What’s Coming Unglued Now in Canada?

Canada lumbered through the first half of 2015 in a “technical recession,” Statistics Canada confirmed this week, as GDP shrank in both quarters. Among the culprits: the swooning energy sector and an investment slump.

Now everybody is lining up behind the hope that a sudden acceleration will put the economy back on track in the third quarter, despite oil that has re-crashed and despite the ongoing collapse – and that’s what it is – of the all-important energy sector.

To get to this acceleration, the once booming residential and commercial construction sectors have to hold up, or else Canada’s economy is in real trouble. Alas….

“Canada is also in the midst of an ill-timed supply surge that caused vacancy rates to rise even in markets with positive absorption” in the second quarter, warns a new report by commercial real estate firm Colliers International cited by the Financial Post. It paints a picture of an epic office boom turned into an even more epic office glut, particularly in Calgary and Edmonton, Alberta, the epicenter of Canada’s oil patch.

This office glut comes on top of Calgary’s housing meltdown. For the first eight months, total home sales in Calgary plunged 25%, according to the Calgary Real Estate Board. Condo sales collapsed 39% in August and 30% year-to-date. Inventory sits a lot longer on the market before it sells, if it sells. And pressures are building on prices: the average condo price was down over 10% in August from a year ago.

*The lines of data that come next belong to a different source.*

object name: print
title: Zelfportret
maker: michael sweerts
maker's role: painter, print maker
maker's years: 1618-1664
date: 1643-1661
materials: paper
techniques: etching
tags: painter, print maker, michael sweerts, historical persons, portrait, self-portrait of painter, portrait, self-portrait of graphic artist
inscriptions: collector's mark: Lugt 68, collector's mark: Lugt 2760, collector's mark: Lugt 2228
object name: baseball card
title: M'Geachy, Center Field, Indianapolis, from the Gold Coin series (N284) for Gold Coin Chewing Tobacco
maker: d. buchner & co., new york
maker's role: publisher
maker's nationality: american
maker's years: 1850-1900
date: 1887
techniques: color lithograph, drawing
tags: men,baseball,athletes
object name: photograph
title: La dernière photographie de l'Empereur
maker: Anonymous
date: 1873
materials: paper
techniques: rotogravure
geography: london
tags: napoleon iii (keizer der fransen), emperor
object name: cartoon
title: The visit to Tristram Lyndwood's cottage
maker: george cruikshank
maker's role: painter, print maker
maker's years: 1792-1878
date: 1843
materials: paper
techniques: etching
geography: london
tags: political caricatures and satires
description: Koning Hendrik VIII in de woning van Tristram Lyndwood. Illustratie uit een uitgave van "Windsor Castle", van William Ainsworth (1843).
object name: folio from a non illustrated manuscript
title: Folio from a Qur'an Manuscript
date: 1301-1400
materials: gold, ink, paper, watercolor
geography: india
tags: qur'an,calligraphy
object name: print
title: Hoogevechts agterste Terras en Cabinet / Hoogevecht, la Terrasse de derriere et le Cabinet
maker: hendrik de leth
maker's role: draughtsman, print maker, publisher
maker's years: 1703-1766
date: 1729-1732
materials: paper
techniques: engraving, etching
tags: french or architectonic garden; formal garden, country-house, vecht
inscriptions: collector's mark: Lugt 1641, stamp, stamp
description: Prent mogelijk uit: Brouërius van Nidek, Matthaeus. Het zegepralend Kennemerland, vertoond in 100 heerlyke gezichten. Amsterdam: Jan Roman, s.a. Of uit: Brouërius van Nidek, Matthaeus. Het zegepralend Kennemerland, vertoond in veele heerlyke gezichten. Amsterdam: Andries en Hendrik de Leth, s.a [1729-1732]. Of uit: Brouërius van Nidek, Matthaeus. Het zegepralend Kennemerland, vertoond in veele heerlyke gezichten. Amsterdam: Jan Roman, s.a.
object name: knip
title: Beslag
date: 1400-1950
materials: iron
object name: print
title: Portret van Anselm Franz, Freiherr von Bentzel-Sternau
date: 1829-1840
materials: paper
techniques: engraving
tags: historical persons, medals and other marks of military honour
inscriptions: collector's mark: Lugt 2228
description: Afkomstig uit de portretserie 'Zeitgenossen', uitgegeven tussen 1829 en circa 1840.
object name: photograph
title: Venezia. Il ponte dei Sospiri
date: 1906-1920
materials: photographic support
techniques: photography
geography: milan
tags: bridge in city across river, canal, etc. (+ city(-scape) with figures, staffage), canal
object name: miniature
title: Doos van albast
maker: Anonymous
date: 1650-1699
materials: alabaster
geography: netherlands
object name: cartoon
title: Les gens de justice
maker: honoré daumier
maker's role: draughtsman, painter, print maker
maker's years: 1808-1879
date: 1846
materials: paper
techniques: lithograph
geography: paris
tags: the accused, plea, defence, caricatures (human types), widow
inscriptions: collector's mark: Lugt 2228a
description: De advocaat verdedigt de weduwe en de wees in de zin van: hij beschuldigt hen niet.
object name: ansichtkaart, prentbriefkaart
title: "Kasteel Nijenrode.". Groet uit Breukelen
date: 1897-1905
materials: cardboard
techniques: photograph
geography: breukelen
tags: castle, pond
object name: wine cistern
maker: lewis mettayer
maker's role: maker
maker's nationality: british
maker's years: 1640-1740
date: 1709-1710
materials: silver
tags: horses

Commercial real estate is heading in a similar direction. Only worse. Calgary was a boom town. Office towers have been sprouting like mushrooms. In recent years, commercial real estate costs downtown were “going through the roof” and “accelerating at a pace far beyond the Canadian average,” Calgary Chamber of Commerce director of policy and research Justin Smith told the Financial Post. But it takes years to plan and build office towers, and now no one can just turn off the flow.